## WORK INSTRUCTIONS
Copy each line from the entries that the word "right" appears in.

━━ TASK INPUT ━━

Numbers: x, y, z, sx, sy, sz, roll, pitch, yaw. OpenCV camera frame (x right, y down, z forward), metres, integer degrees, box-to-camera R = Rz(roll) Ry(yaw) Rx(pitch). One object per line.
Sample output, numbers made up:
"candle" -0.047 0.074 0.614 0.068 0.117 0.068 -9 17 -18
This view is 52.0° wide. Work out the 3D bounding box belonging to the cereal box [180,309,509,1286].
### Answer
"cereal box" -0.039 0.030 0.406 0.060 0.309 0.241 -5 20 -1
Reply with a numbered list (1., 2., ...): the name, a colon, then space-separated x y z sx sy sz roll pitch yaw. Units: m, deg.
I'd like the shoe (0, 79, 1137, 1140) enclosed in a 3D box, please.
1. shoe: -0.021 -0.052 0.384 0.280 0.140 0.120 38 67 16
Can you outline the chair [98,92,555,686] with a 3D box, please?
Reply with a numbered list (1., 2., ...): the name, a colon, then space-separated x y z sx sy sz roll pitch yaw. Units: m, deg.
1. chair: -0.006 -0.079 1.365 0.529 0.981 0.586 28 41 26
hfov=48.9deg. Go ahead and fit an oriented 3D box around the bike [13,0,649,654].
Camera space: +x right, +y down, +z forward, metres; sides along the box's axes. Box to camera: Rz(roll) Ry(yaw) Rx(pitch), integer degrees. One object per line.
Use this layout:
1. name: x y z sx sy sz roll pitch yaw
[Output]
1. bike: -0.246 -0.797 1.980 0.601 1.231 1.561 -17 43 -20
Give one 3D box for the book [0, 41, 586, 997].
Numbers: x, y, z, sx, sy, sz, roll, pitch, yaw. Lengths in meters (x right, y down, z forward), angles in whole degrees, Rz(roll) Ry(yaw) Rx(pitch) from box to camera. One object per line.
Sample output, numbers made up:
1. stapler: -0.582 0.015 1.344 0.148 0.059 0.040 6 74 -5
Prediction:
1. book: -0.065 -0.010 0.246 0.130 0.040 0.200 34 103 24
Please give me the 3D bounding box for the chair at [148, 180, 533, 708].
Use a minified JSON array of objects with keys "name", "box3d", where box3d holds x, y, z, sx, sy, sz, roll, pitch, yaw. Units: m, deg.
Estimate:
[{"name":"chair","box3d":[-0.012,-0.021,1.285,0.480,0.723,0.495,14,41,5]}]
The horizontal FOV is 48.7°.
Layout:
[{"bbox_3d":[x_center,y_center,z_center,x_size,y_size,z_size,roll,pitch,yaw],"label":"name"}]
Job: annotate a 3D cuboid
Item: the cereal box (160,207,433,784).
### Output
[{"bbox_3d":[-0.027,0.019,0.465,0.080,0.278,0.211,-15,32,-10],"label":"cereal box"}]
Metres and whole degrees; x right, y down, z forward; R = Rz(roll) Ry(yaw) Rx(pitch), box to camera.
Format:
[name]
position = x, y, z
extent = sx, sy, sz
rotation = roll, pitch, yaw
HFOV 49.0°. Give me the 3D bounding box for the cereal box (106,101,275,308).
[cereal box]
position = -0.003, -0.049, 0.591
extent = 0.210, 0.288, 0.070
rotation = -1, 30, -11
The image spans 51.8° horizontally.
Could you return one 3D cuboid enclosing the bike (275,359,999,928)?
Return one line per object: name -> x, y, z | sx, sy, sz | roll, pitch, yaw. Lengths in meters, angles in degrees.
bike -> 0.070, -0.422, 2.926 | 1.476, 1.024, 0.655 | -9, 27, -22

━━━

## ANSWER FOR THIS EXERCISE
Numbers: x, y, z, sx, sy, sz, roll, pitch, yaw. OpenCV camera frame (x right, y down, z forward), metres, integer degrees, box-to-camera R = Rz(roll) Ry(yaw) Rx(pitch). One object per line.
Camera space: +x right, +y down, +z forward, metres; sides along the box's axes. Box to camera: Rz(roll) Ry(yaw) Rx(pitch), integer degrees. One object per line.
Numbers: x, y, z, sx, sy, sz, roll, pitch, yaw. Lengths in meters (x right, y down, z forward), angles in whole degrees, Rz(roll) Ry(yaw) Rx(pitch) from box to camera. One object per line.
Metres and whole degrees; x right, y down, z forward; R = Rz(roll) Ry(yaw) Rx(pitch), box to camera.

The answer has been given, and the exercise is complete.